Девушка назвала дату не задумываясь.
— Садитесь. — Прокопец принял предложение, опускаясь в кресло. — А точнее, с восемнадцати часов сорока минут. Его уже арестовали?
— Кого вы имеете в виду? — С лица Прокопца не сходило умело разыгранное удивление.
— Ну как же? Я говорю о Славе Зубкове. — Внезапно девушка изменилась в лице, которое приобрело пепельный оттенок. — Если б вы знали, как я испугалась, когда он начал стрелять в того парня... — почти шепотом произнесла она.
— И где это произошло? — Нечто подобное следователь предчувствовал.
— Недалеко от моего дома, напротив лицея, там есть еще гаражи.
— Расскажите подробнее.
Девушка присела за стол. Как прилежная ученица, сложила руки и во время повествования не сводила с них тревожных глаз.

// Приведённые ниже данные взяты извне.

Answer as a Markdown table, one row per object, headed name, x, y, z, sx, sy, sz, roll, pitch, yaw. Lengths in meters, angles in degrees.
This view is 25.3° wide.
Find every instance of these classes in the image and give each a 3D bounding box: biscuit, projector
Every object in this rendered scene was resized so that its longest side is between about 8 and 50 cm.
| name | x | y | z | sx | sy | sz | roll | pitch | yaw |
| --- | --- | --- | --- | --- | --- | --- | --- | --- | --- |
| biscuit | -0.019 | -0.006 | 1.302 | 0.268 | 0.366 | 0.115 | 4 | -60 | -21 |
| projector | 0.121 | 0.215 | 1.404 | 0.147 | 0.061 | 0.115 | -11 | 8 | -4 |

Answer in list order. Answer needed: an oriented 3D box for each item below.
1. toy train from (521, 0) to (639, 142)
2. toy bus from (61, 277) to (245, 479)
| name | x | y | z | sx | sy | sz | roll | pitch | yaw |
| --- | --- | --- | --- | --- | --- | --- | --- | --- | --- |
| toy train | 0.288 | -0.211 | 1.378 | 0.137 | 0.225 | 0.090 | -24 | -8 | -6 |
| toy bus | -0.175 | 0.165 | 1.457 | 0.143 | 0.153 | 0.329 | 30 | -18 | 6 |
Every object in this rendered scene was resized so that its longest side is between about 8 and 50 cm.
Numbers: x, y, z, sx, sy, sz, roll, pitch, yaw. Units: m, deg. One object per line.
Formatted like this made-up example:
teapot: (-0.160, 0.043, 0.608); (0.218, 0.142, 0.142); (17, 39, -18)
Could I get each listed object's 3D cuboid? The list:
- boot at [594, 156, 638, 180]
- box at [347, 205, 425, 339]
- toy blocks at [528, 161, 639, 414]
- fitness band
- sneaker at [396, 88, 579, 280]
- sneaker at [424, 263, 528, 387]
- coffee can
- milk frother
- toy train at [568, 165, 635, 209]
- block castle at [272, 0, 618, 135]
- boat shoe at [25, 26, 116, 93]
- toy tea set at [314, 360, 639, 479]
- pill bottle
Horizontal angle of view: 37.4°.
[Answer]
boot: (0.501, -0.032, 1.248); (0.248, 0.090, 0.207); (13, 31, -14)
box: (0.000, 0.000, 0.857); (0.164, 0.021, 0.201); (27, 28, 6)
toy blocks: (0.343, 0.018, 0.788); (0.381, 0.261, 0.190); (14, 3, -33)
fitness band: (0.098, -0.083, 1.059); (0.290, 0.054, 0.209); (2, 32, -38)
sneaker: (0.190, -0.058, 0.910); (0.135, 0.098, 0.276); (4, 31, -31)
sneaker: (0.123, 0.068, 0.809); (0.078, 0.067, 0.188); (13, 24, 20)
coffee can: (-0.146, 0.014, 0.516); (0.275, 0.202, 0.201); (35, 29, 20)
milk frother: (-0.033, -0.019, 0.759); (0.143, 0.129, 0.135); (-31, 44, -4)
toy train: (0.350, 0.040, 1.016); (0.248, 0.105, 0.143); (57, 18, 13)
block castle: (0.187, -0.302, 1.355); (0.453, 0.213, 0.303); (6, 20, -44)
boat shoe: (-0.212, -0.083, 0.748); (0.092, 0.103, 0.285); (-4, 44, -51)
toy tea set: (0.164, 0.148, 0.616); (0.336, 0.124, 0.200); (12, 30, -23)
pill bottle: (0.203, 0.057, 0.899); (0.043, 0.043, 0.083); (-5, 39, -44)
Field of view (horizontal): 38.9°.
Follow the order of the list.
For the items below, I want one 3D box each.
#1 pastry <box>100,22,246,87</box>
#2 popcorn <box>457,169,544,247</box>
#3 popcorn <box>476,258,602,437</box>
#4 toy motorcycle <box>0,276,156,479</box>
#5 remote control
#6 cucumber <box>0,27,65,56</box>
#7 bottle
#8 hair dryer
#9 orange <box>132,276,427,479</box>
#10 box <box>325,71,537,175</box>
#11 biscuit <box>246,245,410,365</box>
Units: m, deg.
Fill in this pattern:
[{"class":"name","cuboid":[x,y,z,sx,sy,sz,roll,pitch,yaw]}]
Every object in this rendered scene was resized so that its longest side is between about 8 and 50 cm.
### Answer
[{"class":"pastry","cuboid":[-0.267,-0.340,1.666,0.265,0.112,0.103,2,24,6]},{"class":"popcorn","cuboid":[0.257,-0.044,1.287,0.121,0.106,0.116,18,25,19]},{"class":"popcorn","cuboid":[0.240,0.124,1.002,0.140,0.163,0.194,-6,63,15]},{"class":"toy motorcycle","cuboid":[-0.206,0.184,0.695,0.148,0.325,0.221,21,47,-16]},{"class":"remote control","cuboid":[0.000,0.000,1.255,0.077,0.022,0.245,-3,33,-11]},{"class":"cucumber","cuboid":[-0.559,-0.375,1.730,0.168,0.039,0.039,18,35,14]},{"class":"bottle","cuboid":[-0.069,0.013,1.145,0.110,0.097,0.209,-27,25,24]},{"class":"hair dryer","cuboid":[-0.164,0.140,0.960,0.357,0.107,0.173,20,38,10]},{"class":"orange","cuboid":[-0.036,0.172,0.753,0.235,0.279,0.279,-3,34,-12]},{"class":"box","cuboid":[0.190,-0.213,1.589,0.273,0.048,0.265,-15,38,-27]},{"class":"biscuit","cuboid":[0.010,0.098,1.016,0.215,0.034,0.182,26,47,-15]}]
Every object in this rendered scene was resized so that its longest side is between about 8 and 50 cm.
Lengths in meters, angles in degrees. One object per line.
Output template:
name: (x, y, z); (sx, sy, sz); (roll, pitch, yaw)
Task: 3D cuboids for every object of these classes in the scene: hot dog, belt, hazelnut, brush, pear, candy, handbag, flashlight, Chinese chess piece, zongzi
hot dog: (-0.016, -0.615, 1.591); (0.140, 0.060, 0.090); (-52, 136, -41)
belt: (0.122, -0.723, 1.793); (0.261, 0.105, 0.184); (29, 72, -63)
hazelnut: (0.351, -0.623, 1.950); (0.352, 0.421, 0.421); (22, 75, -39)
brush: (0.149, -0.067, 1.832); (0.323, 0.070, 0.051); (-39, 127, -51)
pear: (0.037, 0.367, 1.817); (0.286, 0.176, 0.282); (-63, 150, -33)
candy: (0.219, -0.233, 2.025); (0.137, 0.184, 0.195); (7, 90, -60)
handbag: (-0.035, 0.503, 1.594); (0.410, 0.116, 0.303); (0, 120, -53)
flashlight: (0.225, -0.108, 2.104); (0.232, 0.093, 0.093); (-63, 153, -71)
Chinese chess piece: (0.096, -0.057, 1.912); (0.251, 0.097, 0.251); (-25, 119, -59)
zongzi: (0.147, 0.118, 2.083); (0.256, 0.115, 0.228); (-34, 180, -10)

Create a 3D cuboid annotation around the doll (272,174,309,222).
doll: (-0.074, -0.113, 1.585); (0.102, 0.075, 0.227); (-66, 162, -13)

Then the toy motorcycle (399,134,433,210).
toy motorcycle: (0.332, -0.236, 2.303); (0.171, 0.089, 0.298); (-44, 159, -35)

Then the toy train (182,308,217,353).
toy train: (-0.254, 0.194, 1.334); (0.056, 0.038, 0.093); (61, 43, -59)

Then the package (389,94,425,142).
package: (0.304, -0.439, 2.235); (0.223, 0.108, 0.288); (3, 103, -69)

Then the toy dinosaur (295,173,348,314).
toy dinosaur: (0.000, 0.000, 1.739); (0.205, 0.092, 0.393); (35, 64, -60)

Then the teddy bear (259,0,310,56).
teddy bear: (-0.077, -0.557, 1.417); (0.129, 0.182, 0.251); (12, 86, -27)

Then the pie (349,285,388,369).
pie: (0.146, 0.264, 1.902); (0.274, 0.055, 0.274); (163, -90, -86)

— В тот вечер Слава пришел познакомиться с моими родителями. Честно говоря, я сама его мало знаю, всего полтора-два месяца. Он много пил в тот вечер, хвастался оружием. Я не скажу, что он произвел плохое впечатление на моих родителей, но маме он не понравился. В половине седьмого Слава шепнул мне, что у него назначена встреча с одним человеком, не хочу ли я составить ему компанию. Я согласилась. Когда мы подошли к гаражам, нас поджидал какой-то человек: в кожаной куртке, с «дипломатом» в руке. Слава попросил меня отойти, что я и сделала. Мне плохо было слышно, о чем они говорят, по резким жестам я поняла, что они ссорятся. Отчетливо помню, что Слава в чем-то не соглашался с собеседником, громко сказал что-то о деньгах, что не согласен на такую сумму. Тогда парень повернулся и пошел. Слава схватил его за куртку и толкнул к гаражам, в проем между ними. Потом я с ужасом увидела в его руках пистолет. Я кинулась к нему: «Слава, что ты делаешь?!» Он оттолкнул меня. Я снова попыталась помешать ему — и очень удачно: с первого выстрела он не попал в парня. Слава вновь толкнул меня и выстрелил в проход еще два раза. Потом забрал из рук мертвого «дипломат» и подошел ко мне. Он предупредил меня, что если я открою рот, то он убьет меня. Вот, собственно, и вся история.
Складно, подумал Прокопец.
— Он запугал вас до такой степени, что вы не смогли прийти в милицию?
— Наше знакомство с ним, как я уже сказала, не было продолжительным, однако даже за этот короткий срок я достаточно хорошо узнала его. Открыто он не говорил ни о чем, но я с уверенностью могу предположить, что он каким-то образом связан с преступниками. Я не раз видела его в компании бритоголовых парней. И он всегда отсылал меня, чтобы поговорить с ними наедине.
Прокопец долго сидел молча. Если бы Зубков действительно был связан с преступниками, то не потел бы в его кабинете. И вообще бы не пришел. Его бы отнесли. На кладбище.
— Вам придется проехать со мной, чтобы дать официальные показания, — наконец сказал он.
Девушка спокойно кивнула.
— Хорошо, я готова.
Направляясь в прокуратуру, Прокопец размышлял о рассказе Дарьи Алексеевны Котляровой. Обвинить ее в лжесвидетельстве не удастся. Она даже на суде не откажется от своих слов. Поверят ей или нет, это вопрос второй, — не поверят Зубкову, если тот соизволит говорить правду. Теперь все улики против него: пуля, извлеченная из ноги Виктора, была выпущена из табельного пистолета, закрепленного за Зубковым. Следователь содрогнулся бы, узнав, что вытащить из тела эту пулю три недели назад согласна была молодая красивая девушка, сидевшая в кресле пассажира его вишневой «восьмерки». Причем готова была проделать эту сложную операцию при помощи обычного слесарного инструмента.